Background: Lung adenocarcinoma (LUAD) is the predominant histological subtype of lung cancer. In the past decade, various targeted drugs have prolonged the survival of LUAD patients. Unfortunately, not all LUAD patients can benefit from the current target agents. Although the membrane spanning 4-domains A15 (MS4A15) gene has been implicated in the progression of various cancers, its role in LUAD remains understudied. This study aimed to evaluate the role and potential mechanism of MS4A15 in the progression of LUAD.
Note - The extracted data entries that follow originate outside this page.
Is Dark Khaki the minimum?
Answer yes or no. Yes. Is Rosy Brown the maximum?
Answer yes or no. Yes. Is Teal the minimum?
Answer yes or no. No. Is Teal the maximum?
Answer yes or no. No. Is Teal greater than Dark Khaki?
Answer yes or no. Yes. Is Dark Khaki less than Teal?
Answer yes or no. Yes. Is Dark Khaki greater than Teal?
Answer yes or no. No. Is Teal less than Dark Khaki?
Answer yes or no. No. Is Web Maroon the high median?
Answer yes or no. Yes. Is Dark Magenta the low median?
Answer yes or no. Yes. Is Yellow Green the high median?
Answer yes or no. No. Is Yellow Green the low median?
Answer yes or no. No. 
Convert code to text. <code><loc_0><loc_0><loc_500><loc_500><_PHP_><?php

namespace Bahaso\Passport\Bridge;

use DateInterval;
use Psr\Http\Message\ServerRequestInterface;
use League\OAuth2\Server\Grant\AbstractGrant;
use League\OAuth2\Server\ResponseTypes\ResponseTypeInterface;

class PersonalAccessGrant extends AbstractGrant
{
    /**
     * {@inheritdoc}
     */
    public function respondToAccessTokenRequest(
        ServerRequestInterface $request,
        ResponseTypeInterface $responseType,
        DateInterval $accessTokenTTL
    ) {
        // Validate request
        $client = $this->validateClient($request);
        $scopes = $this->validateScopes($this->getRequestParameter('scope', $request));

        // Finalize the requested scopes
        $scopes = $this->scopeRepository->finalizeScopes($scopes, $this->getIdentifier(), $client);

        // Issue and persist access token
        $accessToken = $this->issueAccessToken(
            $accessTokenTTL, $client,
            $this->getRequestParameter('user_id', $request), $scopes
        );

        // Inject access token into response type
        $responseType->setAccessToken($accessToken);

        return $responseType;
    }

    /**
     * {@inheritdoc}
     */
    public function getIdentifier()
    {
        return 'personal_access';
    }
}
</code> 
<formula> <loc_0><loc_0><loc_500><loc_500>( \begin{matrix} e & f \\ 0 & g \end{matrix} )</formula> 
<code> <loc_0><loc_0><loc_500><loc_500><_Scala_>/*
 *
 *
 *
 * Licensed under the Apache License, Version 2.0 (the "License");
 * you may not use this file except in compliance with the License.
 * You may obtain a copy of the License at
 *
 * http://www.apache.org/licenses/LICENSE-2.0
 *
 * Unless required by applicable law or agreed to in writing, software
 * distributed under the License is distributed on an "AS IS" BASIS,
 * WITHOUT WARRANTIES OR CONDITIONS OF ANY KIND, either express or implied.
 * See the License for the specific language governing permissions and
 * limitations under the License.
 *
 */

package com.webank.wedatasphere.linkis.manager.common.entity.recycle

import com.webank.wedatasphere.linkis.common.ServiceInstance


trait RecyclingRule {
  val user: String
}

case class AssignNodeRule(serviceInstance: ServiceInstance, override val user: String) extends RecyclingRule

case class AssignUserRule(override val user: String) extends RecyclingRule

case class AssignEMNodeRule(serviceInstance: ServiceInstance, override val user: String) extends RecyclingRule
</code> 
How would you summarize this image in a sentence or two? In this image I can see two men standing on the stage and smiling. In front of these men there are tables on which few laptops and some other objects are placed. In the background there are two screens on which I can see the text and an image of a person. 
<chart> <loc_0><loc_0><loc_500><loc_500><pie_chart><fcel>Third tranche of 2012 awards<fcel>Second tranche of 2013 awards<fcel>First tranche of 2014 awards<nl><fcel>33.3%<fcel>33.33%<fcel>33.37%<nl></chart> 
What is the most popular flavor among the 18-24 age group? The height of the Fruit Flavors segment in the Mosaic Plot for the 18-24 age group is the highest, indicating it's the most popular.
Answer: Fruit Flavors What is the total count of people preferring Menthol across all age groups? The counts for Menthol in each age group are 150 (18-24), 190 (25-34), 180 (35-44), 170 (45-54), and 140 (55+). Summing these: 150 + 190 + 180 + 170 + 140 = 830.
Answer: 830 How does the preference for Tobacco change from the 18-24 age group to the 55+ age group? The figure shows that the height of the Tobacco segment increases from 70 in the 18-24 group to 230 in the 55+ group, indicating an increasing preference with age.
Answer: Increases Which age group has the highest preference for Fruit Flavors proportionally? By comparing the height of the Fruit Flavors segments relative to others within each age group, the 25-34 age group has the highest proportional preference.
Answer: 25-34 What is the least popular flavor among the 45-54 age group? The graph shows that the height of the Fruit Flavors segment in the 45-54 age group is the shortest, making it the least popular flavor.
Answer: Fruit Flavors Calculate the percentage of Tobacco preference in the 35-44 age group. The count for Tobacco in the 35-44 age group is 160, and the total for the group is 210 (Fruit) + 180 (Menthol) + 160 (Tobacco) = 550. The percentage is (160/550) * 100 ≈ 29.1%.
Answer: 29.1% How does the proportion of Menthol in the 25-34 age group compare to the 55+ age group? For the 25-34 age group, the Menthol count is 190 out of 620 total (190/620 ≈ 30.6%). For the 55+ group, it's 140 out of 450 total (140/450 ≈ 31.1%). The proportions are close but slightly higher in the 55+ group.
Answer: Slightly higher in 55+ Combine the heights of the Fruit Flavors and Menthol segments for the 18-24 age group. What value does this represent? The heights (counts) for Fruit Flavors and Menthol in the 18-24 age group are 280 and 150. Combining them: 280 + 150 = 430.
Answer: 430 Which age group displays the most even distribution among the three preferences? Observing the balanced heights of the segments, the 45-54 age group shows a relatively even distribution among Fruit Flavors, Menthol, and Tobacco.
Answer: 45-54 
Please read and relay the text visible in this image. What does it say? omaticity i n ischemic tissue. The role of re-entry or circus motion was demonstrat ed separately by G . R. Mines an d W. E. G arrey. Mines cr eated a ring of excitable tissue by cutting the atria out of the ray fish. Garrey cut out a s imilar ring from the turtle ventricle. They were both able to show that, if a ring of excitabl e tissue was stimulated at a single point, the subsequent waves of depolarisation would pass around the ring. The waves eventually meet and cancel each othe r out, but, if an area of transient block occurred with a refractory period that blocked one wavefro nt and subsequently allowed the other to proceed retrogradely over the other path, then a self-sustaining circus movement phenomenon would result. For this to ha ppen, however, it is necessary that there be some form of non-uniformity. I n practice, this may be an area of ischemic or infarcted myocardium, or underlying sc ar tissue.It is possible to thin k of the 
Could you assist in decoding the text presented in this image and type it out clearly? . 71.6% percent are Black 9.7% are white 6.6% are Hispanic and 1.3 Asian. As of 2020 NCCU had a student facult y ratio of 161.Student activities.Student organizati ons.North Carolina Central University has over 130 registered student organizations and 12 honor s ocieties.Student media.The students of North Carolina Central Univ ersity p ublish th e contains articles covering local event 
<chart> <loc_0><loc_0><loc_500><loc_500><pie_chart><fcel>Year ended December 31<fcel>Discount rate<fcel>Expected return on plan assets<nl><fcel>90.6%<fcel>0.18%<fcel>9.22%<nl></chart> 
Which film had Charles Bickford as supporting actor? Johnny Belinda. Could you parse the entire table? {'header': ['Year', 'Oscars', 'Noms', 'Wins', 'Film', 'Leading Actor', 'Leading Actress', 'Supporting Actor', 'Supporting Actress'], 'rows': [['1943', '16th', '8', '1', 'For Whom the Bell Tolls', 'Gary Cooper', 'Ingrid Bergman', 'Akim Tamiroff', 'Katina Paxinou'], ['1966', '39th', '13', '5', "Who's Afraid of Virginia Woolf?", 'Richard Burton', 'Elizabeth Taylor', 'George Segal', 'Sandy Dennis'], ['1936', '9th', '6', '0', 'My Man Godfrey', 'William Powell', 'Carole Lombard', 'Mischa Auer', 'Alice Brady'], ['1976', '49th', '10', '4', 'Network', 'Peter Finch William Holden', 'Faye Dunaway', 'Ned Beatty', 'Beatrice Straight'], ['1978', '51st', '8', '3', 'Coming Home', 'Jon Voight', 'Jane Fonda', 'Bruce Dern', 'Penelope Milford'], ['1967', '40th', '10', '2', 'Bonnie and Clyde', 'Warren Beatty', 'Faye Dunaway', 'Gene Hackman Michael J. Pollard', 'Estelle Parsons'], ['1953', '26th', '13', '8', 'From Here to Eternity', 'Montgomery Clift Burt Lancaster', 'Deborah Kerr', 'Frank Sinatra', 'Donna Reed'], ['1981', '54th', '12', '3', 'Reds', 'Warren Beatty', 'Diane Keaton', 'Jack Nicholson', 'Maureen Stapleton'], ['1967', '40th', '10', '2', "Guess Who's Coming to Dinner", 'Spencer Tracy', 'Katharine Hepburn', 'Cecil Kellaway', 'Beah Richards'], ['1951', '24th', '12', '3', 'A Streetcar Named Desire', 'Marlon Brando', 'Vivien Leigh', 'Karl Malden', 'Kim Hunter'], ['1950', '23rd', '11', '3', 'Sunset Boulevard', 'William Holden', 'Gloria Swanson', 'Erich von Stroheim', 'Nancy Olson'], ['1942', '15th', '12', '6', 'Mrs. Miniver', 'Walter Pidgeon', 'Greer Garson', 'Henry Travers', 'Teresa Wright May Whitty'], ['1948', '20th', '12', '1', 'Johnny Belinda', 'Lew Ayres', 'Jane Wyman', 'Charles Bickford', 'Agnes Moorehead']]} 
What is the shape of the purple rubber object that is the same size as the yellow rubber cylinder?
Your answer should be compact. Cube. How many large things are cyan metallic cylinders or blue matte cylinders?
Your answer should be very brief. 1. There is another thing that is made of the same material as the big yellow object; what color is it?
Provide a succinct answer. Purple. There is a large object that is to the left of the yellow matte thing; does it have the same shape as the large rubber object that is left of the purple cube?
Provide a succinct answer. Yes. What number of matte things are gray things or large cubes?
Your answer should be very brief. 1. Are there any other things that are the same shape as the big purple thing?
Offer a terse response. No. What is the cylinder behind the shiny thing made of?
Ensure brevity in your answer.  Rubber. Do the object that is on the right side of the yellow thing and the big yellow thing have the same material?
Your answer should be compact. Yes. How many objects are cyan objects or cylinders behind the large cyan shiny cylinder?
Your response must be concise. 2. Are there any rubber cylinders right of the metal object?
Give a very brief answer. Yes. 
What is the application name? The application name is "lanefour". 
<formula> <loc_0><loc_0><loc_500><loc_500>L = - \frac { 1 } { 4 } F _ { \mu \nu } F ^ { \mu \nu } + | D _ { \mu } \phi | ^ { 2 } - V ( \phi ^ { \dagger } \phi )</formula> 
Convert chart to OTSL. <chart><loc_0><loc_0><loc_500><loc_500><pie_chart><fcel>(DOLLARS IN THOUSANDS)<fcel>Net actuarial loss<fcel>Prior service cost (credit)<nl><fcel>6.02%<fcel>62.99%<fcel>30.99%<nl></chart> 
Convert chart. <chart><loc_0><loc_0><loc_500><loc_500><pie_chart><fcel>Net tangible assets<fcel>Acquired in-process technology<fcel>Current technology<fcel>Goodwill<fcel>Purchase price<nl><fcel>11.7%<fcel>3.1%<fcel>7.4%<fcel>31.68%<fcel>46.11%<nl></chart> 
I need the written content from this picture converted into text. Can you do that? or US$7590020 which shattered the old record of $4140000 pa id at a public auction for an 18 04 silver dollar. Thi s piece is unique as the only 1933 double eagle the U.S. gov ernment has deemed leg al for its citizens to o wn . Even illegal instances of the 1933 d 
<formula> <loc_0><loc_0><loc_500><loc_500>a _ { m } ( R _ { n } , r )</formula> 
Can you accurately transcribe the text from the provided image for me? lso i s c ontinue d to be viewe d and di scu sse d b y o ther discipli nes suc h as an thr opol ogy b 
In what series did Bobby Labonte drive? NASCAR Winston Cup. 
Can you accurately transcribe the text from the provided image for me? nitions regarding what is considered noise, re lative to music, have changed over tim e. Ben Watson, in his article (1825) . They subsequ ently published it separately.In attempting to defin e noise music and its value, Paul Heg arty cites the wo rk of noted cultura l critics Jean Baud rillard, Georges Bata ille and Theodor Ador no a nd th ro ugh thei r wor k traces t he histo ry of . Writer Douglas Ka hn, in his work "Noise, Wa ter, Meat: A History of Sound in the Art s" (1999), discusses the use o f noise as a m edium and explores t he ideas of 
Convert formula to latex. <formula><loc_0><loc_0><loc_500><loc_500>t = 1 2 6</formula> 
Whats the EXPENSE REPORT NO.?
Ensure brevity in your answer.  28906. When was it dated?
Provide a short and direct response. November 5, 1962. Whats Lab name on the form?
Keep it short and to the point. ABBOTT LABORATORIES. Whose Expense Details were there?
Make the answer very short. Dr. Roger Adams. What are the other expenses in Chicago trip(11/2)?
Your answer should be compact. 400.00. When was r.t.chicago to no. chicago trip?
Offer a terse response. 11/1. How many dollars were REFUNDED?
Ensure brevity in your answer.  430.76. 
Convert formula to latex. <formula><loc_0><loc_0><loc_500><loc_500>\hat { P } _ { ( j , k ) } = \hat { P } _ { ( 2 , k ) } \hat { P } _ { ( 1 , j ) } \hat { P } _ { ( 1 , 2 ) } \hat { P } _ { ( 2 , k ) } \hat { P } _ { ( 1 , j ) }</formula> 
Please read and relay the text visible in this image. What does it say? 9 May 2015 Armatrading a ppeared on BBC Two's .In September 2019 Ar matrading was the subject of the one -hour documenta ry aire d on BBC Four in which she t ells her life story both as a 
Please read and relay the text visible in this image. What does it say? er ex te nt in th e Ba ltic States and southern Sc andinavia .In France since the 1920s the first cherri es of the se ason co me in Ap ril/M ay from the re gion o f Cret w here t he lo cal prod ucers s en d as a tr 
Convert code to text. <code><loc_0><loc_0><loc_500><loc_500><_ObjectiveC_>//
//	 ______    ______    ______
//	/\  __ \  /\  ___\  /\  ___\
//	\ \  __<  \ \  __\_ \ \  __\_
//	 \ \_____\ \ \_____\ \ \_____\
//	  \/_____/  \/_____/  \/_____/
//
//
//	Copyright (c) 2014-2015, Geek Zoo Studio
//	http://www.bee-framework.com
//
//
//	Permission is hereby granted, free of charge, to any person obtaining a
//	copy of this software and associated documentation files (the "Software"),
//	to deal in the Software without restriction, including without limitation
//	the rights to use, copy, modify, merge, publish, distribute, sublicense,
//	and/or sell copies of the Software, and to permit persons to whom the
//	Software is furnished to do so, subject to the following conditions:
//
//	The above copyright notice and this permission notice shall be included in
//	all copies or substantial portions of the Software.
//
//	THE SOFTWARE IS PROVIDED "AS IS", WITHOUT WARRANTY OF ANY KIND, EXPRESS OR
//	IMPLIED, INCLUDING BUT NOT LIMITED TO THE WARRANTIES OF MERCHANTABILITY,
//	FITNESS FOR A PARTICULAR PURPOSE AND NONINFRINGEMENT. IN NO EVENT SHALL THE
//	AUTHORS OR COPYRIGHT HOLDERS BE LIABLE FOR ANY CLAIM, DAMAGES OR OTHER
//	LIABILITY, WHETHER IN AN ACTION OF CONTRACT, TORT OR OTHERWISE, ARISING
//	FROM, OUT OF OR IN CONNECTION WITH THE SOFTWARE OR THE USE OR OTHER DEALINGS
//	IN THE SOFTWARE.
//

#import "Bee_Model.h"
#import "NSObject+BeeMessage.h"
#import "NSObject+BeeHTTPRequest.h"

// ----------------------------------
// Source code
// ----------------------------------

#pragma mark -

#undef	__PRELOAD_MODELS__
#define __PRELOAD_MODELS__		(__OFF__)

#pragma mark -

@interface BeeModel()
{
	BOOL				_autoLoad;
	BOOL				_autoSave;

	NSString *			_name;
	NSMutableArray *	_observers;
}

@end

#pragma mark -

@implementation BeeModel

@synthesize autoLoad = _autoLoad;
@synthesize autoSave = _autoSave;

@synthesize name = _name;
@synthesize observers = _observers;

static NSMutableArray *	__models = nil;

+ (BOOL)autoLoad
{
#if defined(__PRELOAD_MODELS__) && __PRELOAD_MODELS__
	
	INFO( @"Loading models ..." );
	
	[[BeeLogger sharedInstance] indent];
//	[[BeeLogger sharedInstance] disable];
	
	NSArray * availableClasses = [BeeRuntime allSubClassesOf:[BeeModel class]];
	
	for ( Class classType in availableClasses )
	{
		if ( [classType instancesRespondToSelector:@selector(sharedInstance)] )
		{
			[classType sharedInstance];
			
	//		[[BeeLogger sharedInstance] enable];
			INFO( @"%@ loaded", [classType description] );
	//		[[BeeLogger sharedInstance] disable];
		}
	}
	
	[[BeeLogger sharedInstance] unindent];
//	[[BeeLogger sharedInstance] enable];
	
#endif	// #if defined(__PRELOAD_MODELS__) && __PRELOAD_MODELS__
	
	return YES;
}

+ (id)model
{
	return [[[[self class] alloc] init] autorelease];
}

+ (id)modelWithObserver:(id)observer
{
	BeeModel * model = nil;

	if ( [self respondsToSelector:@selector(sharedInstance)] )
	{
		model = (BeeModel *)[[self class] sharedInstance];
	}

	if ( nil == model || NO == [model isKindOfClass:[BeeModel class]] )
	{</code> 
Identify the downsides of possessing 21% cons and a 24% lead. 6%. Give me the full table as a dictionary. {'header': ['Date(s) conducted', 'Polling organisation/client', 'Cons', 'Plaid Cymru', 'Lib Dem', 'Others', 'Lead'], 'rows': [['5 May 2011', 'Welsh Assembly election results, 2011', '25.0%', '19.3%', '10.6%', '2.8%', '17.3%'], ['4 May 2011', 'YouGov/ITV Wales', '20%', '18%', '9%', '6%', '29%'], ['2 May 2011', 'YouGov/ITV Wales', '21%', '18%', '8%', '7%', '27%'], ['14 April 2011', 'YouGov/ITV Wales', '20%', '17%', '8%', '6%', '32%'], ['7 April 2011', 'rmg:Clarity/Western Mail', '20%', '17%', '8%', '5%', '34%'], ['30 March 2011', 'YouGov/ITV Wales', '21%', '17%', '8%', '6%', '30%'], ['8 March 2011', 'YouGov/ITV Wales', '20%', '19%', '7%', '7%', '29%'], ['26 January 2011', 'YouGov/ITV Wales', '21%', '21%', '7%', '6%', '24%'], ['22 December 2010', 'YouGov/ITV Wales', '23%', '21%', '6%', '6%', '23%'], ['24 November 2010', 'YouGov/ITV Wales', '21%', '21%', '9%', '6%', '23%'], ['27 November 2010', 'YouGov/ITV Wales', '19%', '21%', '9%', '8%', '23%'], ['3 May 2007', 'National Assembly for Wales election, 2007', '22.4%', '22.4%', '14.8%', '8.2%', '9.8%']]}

Methods: The pan-cancer RNA sequencing and clinical data of LUAD patients, originally comprising data from The Cancer Genome Atlas and Genotypic Tissue Expression, were acquired from University of California Santa Cruz XENA (UCSC XENA). Additionally, the GSE116959 and GSE130779 data sets were retrieved from the Gene Expression Omnibus database. The Differential Expression analysis of Sequencing data version 2 (DESeq2) package was used to identify the differentially expressed genes. The ClusteProfiler package was used to perform the Gene Ontology, Kyoto Encyclopedia of Genes and Genomes, and gene set enrichment analyses. An immune cell infiltration analysis was conducted using the gene set variation analysis (GSVA) package. The expression level of MS4A15 was analyzed by the Wilcoxon rank-sum test. A logistic regression analysis was conducted to examine the correlation between the clinical pathological factors of LUAD patients and the high-low dichotomy of MS4A15. A receiver operating characteristic (ROC) curve analysis was employed to evaluate the effectiveness of MS4A15 as a biomarker for distinguishing LUAD patients from healthy individuals. A Kaplan-Meier analysis was conducted to examine the overall survival of LUAD patients based on MS4A15. All the bioinformatic results were obtained using R (version 3.6.2) package. Real-time quantitative polymerase chain reaction (RT-qPCR) was performed to validate the messenger RNA transcription level in vitro.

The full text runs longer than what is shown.